## Information supplied
*** Begin section ***
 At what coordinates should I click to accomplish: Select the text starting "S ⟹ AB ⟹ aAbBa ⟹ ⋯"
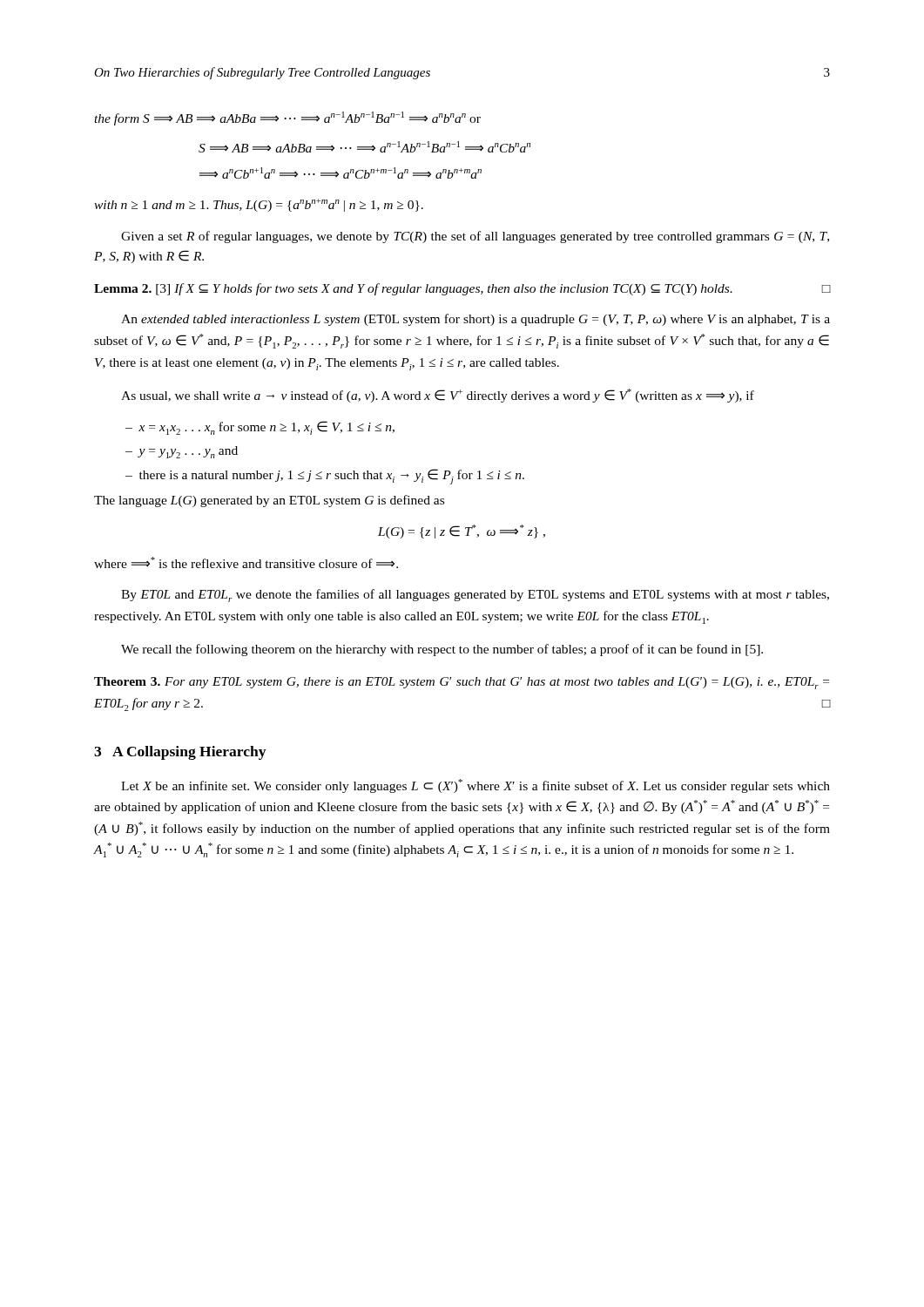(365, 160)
*** End section ***
*** Begin section ***
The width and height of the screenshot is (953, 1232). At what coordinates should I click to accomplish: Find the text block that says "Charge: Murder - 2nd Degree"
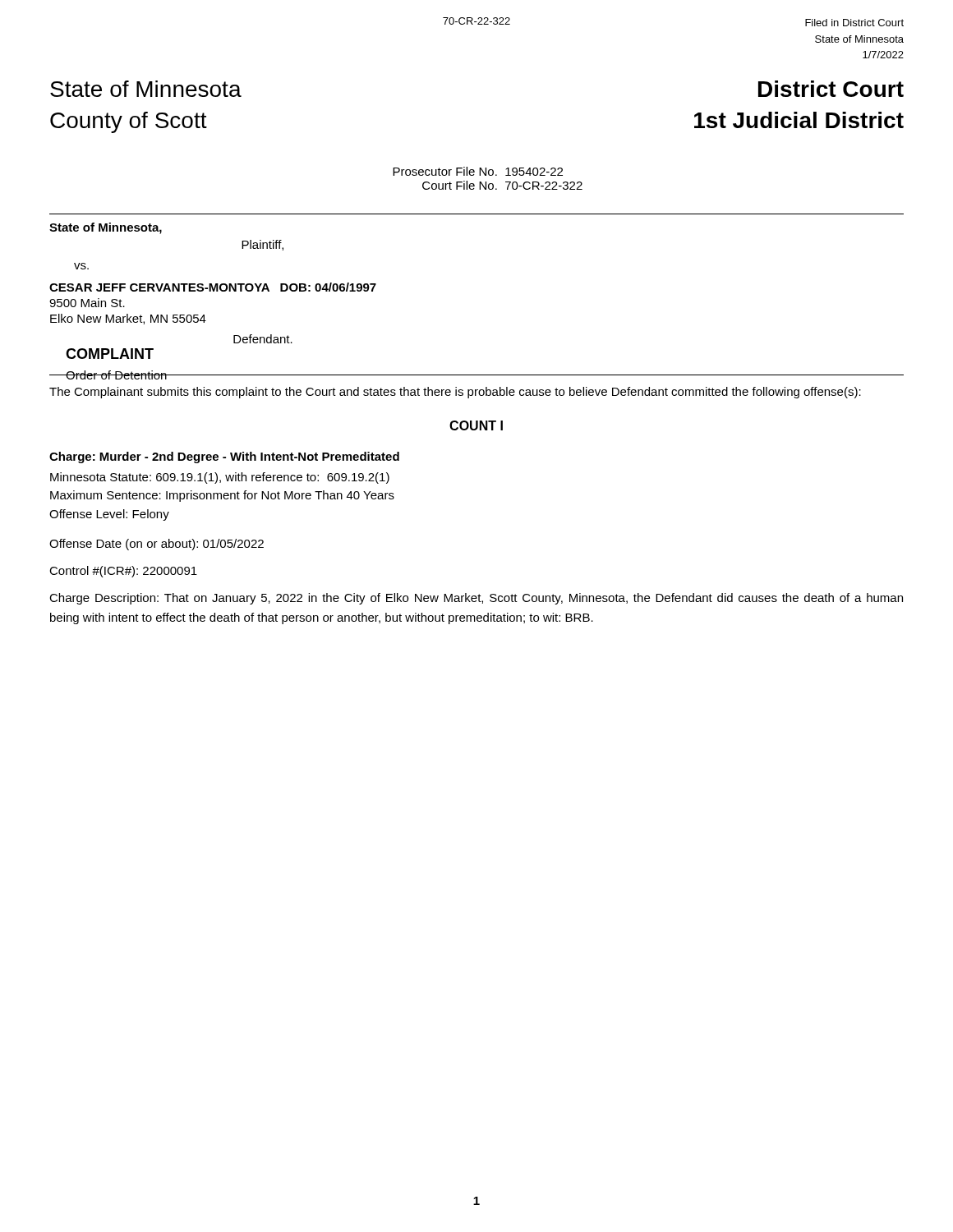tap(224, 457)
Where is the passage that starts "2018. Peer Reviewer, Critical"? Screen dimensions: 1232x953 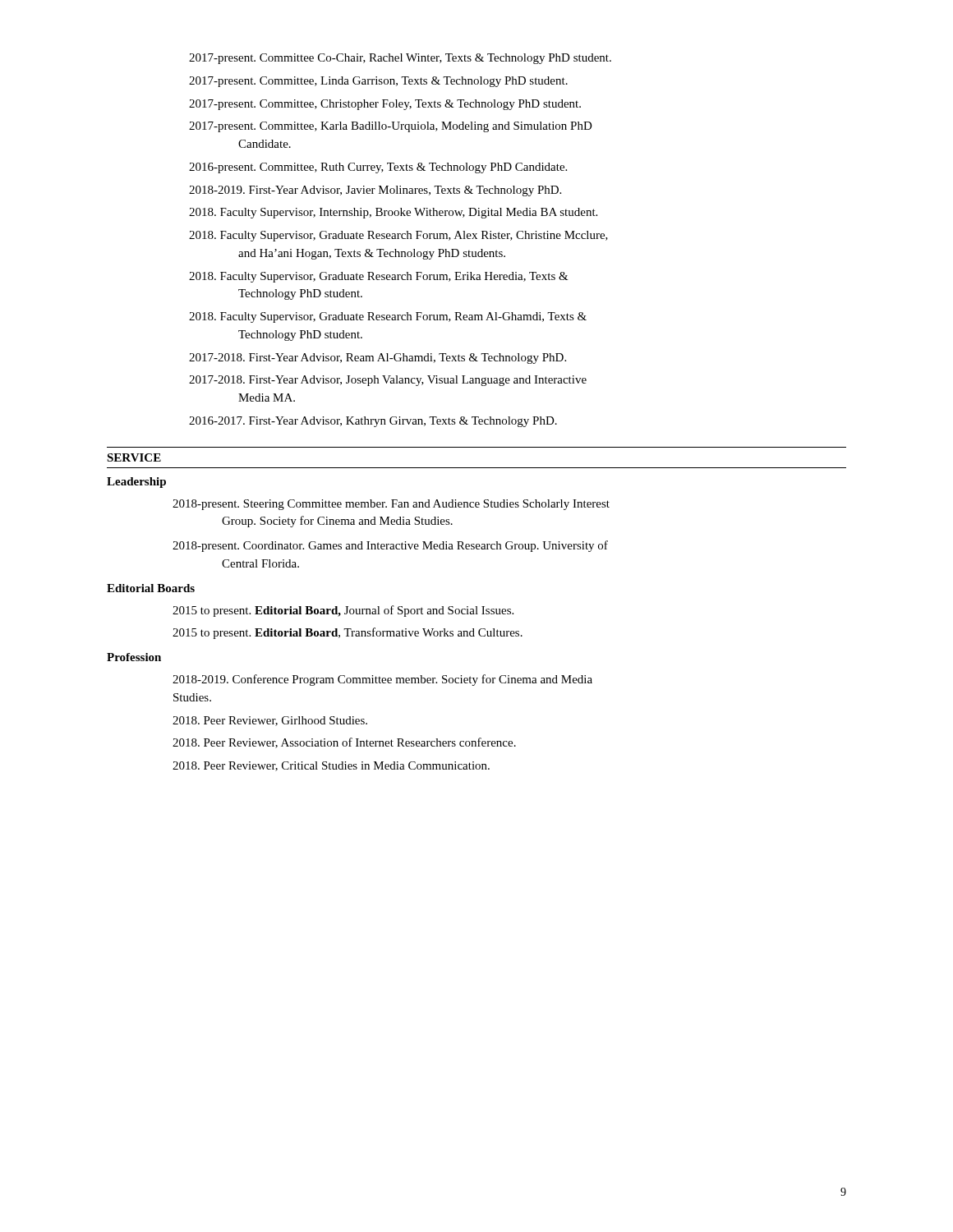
*** End section ***
## Task prompt
In the listing above, find the line with "The width and" and the line with "Where is the". Copy exactly those lines and all between them, minus the images.

## Task solution
The width and height of the screenshot is (953, 1232). At what coordinates should I click to accomplish: Find the text block that says "Charge: Murder - 2nd Degree"
tap(224, 457)
Where is the passage that starts "2018. Peer Reviewer, Critical"? Screen dimensions: 1232x953 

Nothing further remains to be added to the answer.